Gabriel Chin
October 19, 1981 12:00 PM

Benjamin Franklin said that fish and guests stink after three days, but then he never met Peter Falcione, 39, of Norwalk, Conn. At Falcione’s Norwalk Aquarium Fish Hotel, the guests are fish and, he says wryly, strictly up scale—”the kind that come from private schools. Most are quiet and well behaved. They don’t steal towels.”

So far as Falcione knows, his is the only hostelry of its type in America, and it evolved more out of accommodation than intent. “Every aquarium takes in fish for special customers,” he explains, “but I found I had so many that my selling space was restricted. So I started the hotel in 1978.”

His guests are checked in because their owners are away or because of house painting (the fumes can be fatal to sensitive tropical fish). Among his more unusual boarders have been a two-foot nurse shark whose aquarium was under repair and a free-spirited octopus whose owner feared it might climb out of its home tank while she was out of town.
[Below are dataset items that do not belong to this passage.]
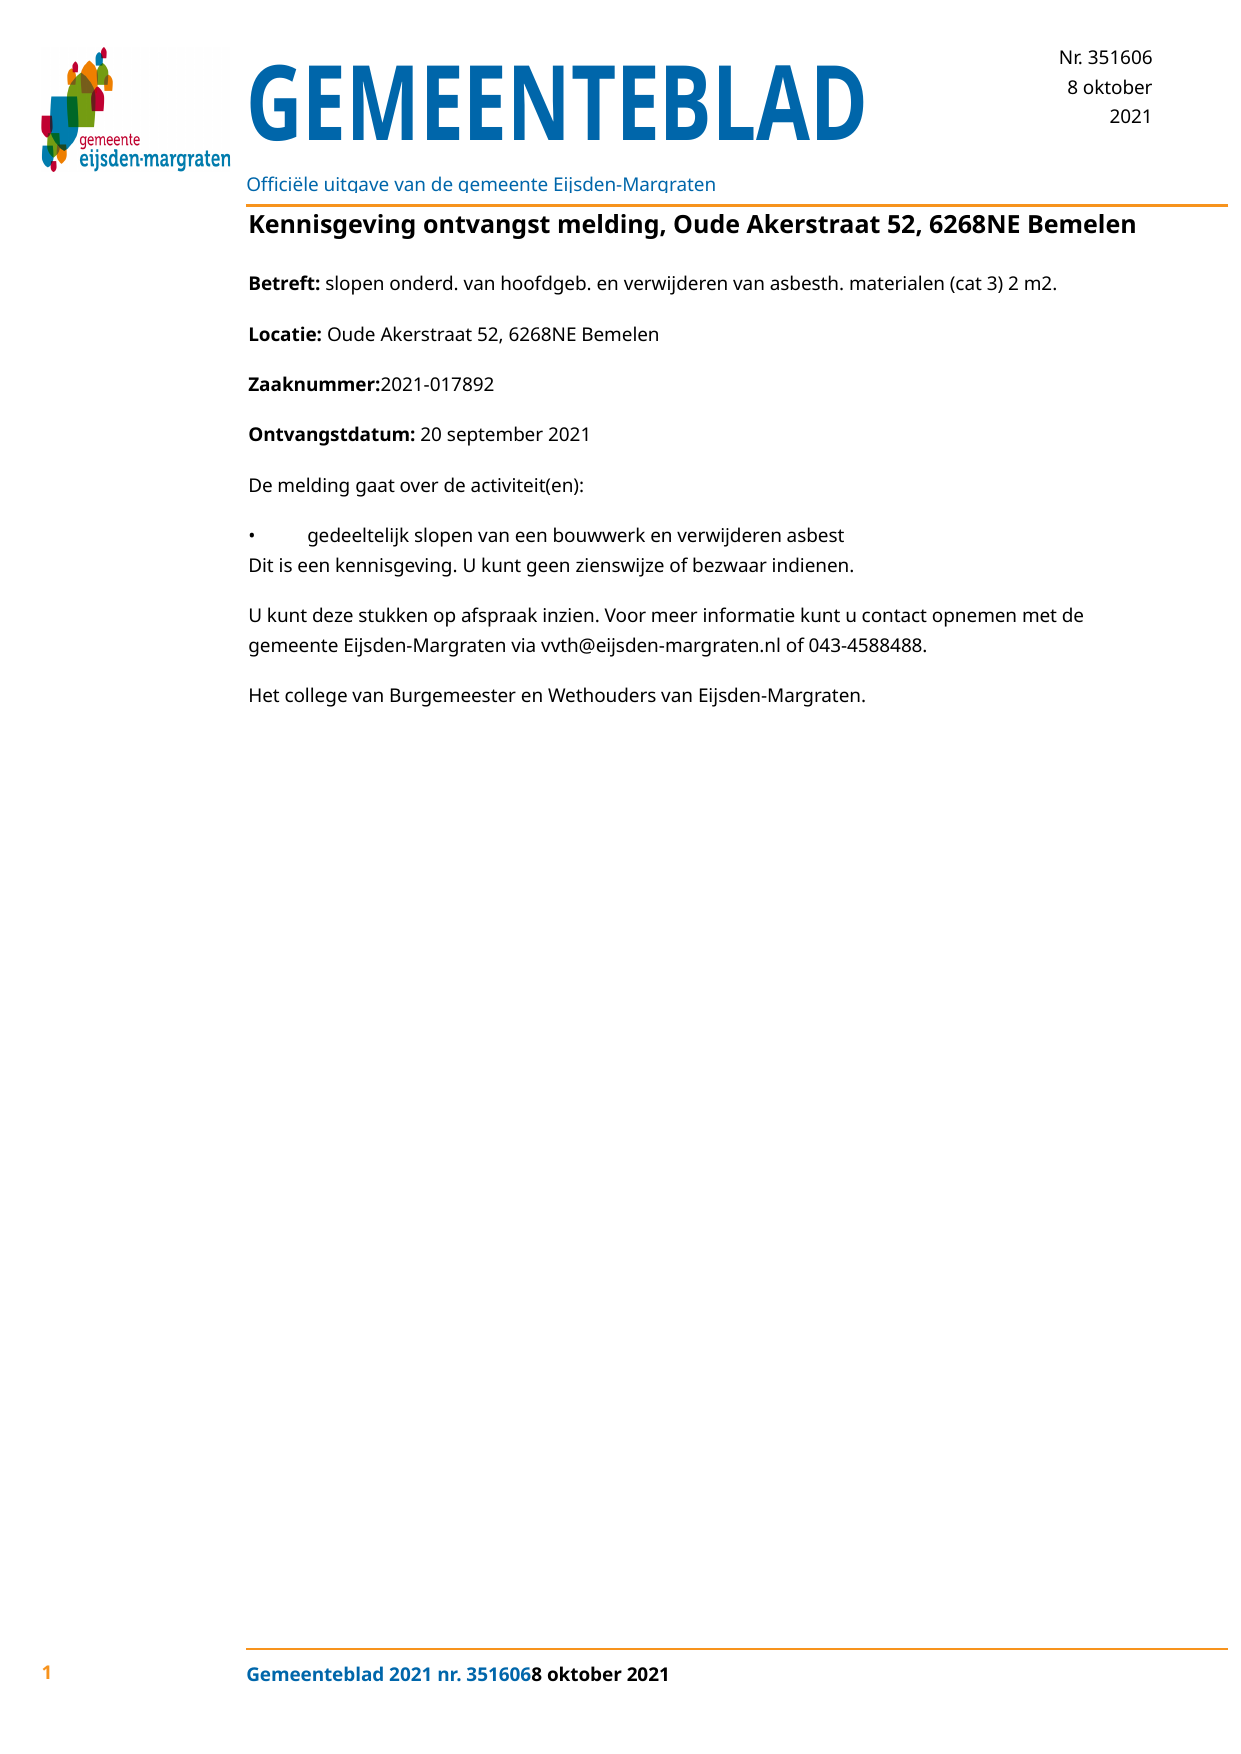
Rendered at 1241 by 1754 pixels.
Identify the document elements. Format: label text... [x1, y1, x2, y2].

text U kunt deze stukken op afspraak inzien. Voor meer informatie kunt u contact opnemen met de gemeente Eijsden-Margraten via vvth@eijsden-margraten.nl of 043-4588488. [248, 602, 1152, 658]
picture [41, 47, 231, 172]
text Kennisgeving ontvangst melding, Oude Akerstraat 52, 6268NE Bemelen [248, 207, 1152, 241]
text Betreft: slopen onderd. van hoofdgeb. en verwijderen van asbesth. materialen (cat 3) 2 m2. [248, 270, 1152, 296]
text Zaaknummer:2021-017892 [248, 371, 1152, 397]
text Het college van Burgemeester en Wethouders van Eijsden-Margraten. [248, 682, 1152, 708]
text Locatie: Oude Akerstraat 52, 6268NE Bemelen [248, 321, 1152, 346]
list gedeeltelijk slopen van een bouwwerk en verwijderen asbest [248, 522, 1152, 548]
text Dit is een kennisgeving. U kunt geen zienswijze of bezwaar indienen. [248, 552, 1152, 578]
text Ontvangstdatum: 20 september 2021 [248, 422, 1152, 447]
text De melding gaat over de activiteit(en): [248, 472, 1152, 498]

Weekly rates on the American plan (two feedings daily) start, aptly, at a fin ($5) for 10-gallon accommodations and run up to $60 for the spacious (55 gallons) Neptune Suite, complete with complimentary coral. Reservations are required at the 32-unit hotel; major credit cards are accepted. “If a guest’s bill is overdue,” deadpans the innkeeper, “we sell him.”

Falcione, whose mother ran a tropical-fish store in Philadelphia, attended Temple University and worked as a salesman before he and his wife, Patricia, moved to Norwalk in 1964 and bought the aquarium store five years later. The fish hotel, he concedes, is not a big money-maker, though bookings doubled in the past year.

Hotel amenities include custom matching of water with a guest’s home aquarium and an around-the-clock temperature-monitoring system. Delicacies include a high-protein menu of worms and brine shrimp or a health-food diet of plants. Guests almost always check out healthy. “We’ve only lost two,” Falcione says, “and both were inexpensive fish, so I replaced them. And,” he adds with a conspiratorial wink, “their owners didn’t even know.”